PROBLEM DESCRIPTION:
What is needed is an exact repetition of the lines from the first one in the data through the line with "object name: album leaf", with no pictures.

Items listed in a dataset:
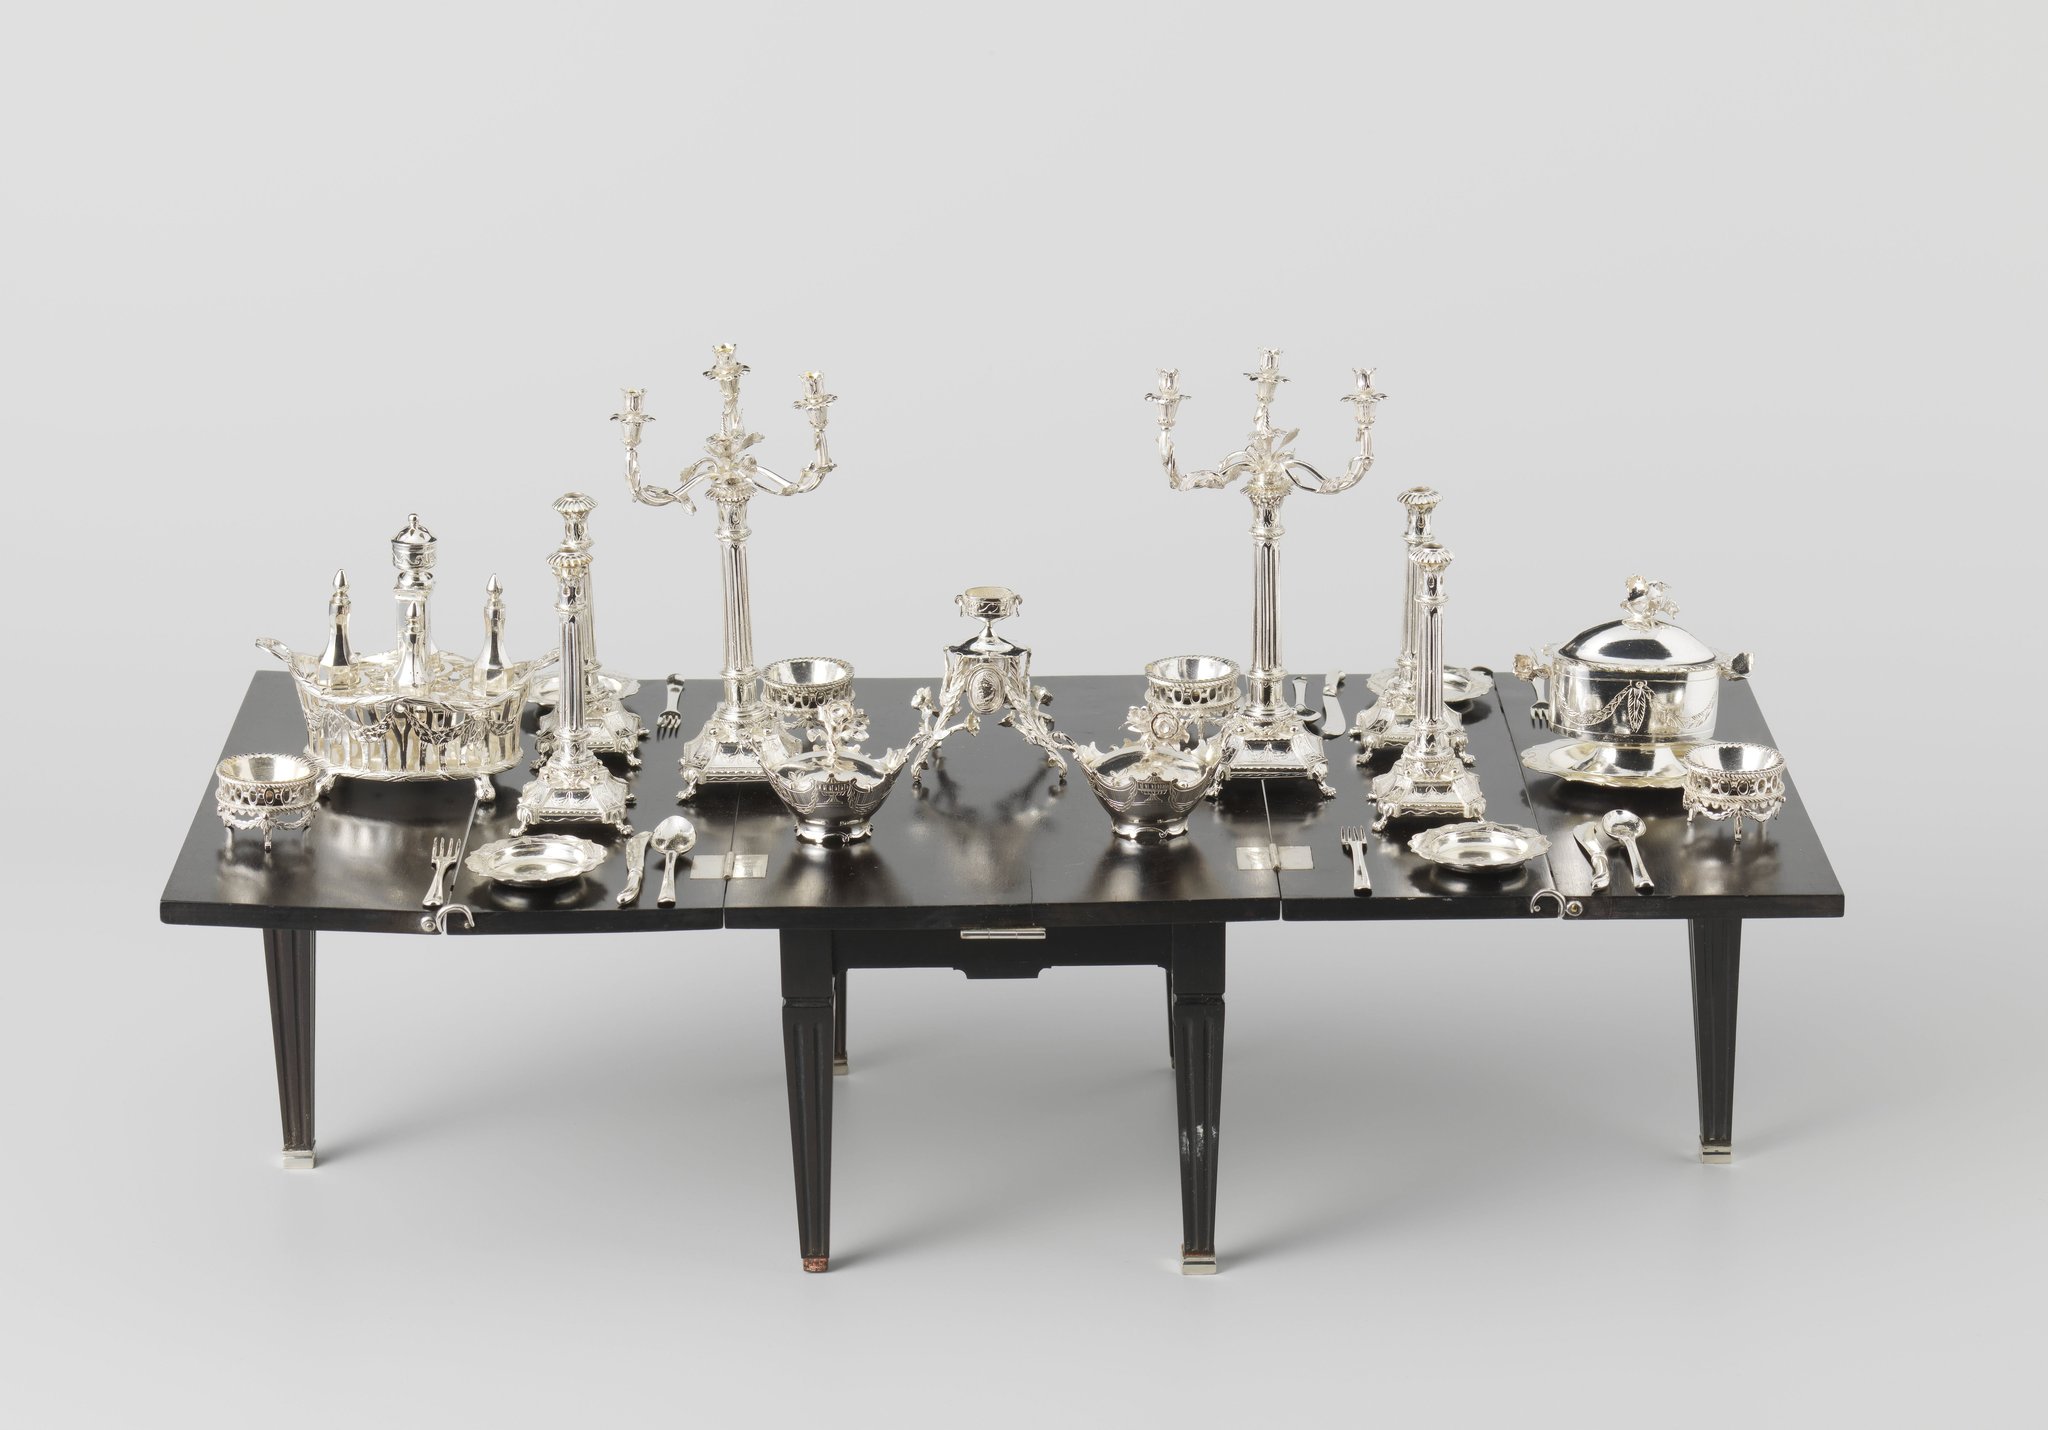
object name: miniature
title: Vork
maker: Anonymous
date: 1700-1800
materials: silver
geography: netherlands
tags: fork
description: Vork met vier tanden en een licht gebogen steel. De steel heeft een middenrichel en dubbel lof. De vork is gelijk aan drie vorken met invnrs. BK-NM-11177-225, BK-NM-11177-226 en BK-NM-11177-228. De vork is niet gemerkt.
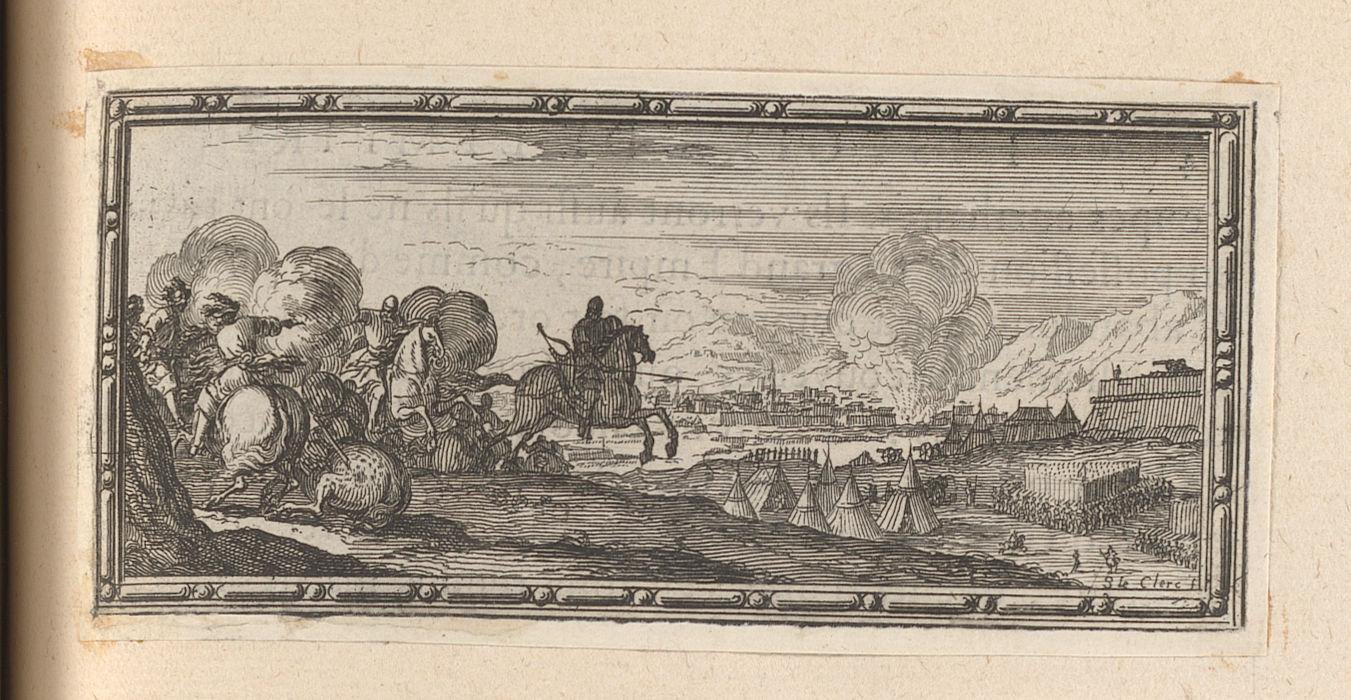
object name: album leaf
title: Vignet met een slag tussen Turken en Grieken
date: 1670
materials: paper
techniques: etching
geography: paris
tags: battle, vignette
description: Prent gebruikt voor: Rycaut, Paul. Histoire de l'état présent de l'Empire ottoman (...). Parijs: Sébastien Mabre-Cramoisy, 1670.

EXERCISE OUTPUT:
object name: miniature
title: Vork
maker: Anonymous
date: 1700-1800
materials: silver
geography: netherlands
tags: fork
description: Vork met vier tanden en een licht gebogen steel. De steel heeft een middenrichel en dubbel lof. De vork is gelijk aan drie vorken met invnrs. BK-NM-11177-225, BK-NM-11177-226 en BK-NM-11177-228. De vork is niet gemerkt.
object name: album leaf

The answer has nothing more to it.